Aim of the task ▸ Word for word, retype every line of the data.

Available records ▸
====

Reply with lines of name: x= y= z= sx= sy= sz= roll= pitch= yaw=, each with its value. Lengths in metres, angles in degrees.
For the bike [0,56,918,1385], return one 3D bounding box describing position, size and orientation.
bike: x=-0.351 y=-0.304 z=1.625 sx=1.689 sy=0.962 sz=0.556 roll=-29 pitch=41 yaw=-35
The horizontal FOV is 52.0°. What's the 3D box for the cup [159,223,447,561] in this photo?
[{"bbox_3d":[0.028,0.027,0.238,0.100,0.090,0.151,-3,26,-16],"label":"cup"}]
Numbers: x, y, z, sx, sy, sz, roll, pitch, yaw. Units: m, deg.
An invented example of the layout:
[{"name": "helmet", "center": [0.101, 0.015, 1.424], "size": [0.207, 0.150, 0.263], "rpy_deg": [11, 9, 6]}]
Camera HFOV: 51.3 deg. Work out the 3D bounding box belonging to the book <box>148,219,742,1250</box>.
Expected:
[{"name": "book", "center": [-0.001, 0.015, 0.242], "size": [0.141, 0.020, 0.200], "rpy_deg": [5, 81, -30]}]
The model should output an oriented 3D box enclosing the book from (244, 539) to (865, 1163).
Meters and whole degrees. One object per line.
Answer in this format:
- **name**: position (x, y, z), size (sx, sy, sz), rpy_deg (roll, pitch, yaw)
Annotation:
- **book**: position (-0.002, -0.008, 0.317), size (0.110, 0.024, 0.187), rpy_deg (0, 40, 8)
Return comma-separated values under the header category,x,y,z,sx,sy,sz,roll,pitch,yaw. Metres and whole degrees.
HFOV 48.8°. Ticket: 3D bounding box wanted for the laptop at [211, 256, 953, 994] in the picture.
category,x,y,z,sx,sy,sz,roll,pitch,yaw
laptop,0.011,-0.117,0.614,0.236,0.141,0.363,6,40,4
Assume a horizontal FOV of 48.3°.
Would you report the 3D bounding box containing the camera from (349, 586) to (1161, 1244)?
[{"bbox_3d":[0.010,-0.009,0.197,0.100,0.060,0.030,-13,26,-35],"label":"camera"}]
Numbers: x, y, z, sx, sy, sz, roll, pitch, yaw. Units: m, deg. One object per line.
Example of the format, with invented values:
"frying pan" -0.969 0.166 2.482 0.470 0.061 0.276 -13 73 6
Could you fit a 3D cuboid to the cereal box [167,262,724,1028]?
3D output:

====

Exercise answer ▸
Reply with lines of name: x= y= z= sx= sy= sz= roll= pitch= yaw=, each with its value. Lengths in metres, angles in degrees.
For the bike [0,56,918,1385], return one 3D bounding box describing position, size and orientation.
bike: x=-0.351 y=-0.304 z=1.625 sx=1.689 sy=0.962 sz=0.556 roll=-29 pitch=41 yaw=-35
The horizontal FOV is 52.0°. What's the 3D box for the cup [159,223,447,561] in this photo?
[{"bbox_3d":[0.028,0.027,0.238,0.100,0.090,0.151,-3,26,-16],"label":"cup"}]
Numbers: x, y, z, sx, sy, sz, roll, pitch, yaw. Units: m, deg.
An invented example of the layout:
[{"name": "helmet", "center": [0.101, 0.015, 1.424], "size": [0.207, 0.150, 0.263], "rpy_deg": [11, 9, 6]}]
Camera HFOV: 51.3 deg. Work out the 3D bounding box belonging to the book <box>148,219,742,1250</box>.
Expected:
[{"name": "book", "center": [-0.001, 0.015, 0.242], "size": [0.141, 0.020, 0.200], "rpy_deg": [5, 81, -30]}]
The model should output an oriented 3D box enclosing the book from (244, 539) to (865, 1163).
Meters and whole degrees. One object per line.
Answer in this format:
- **name**: position (x, y, z), size (sx, sy, sz), rpy_deg (roll, pitch, yaw)
Annotation:
- **book**: position (-0.002, -0.008, 0.317), size (0.110, 0.024, 0.187), rpy_deg (0, 40, 8)
Return comma-separated values under the header category,x,y,z,sx,sy,sz,roll,pitch,yaw. Metres and whole degrees.
HFOV 48.8°. Ticket: 3D bounding box wanted for the laptop at [211, 256, 953, 994] in the picture.
category,x,y,z,sx,sy,sz,roll,pitch,yaw
laptop,0.011,-0.117,0.614,0.236,0.141,0.363,6,40,4
Assume a horizontal FOV of 48.3°.
Would you report the 3D bounding box containing the camera from (349, 586) to (1161, 1244)?
[{"bbox_3d":[0.010,-0.009,0.197,0.100,0.060,0.030,-13,26,-35],"label":"camera"}]
Numbers: x, y, z, sx, sy, sz, roll, pitch, yaw. Units: m, deg. One object per line.
Example of the format, with invented values:
"frying pan" -0.969 0.166 2.482 0.470 0.061 0.276 -13 73 6
Could you fit a 3D cuboid to the cereal box [167,262,724,1028]?
3D output:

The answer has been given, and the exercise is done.